Strategy: Understanding Your Data Leads to the Best Scalability Solutions

In article Building Super-Scalable Web Systems with REST Udi Dahan tells an interesting story of how they made a weather reporting system scale for over 10 million users.  So many users hitting their weather database didn't scale. Caching in a straightforward way wouldn't work because weather is obviously local. Caching all local reports would bring  the entire database into memory, which would work for some companies, but wasn't cost efficient for them.

So in typical REST fashion they turned locations into URIs. For example: http://weather.myclient.com/UK/London. This allows the weather information to be cached by intermediaries instead of hitting their servers.  Hopefully for each location their servers will be hit a few times and then the caches will be hit until expiry.

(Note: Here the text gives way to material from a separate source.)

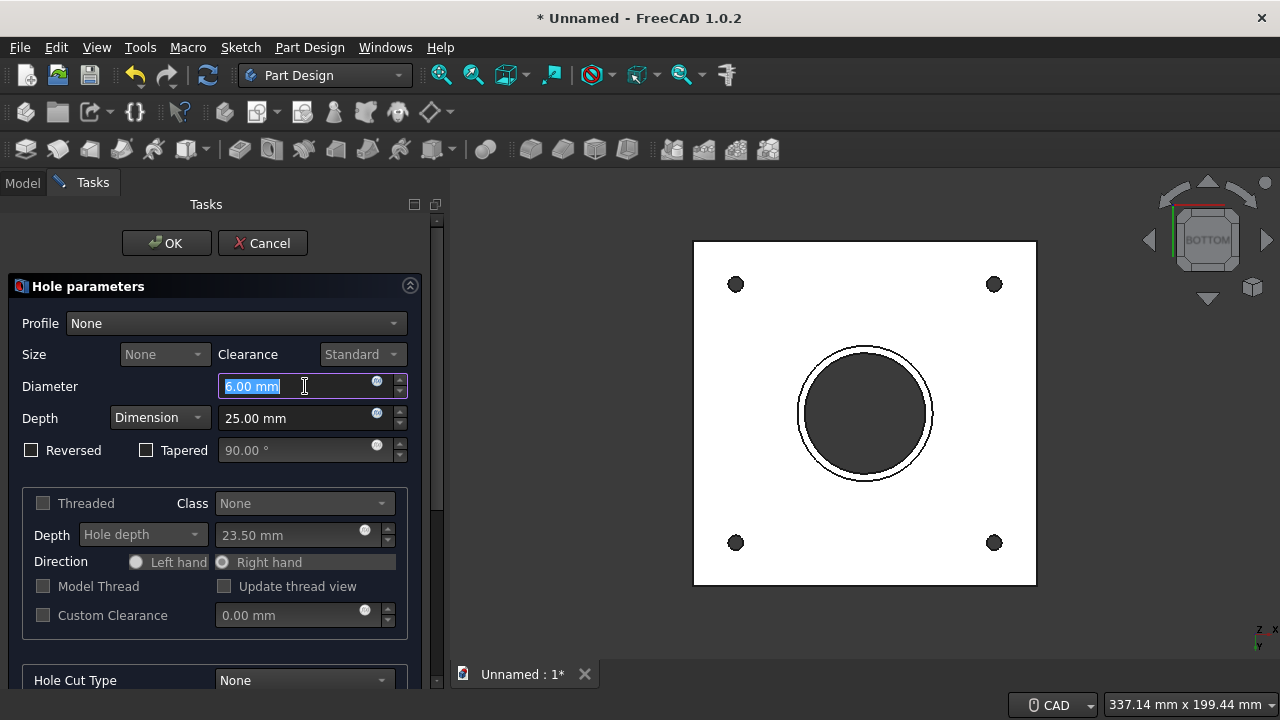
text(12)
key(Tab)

In order to send users directly to the correct location an IP location check is performed on login and stored in a cookie. The lookup is done once and from then on out a GET is performed directly on the resource. There's no need to hit their servers and do a lookup on the user to get the location. That's all bypassed.

I like Udi's summary of the approach and is why I think this is a good strategy : This isn’t a “cheap trick”. While being straight forward for something like weather, understanding the nature of your data and intelligently mapping that to a URI space is critical to building a scalable system, and reaping the benefits of REST.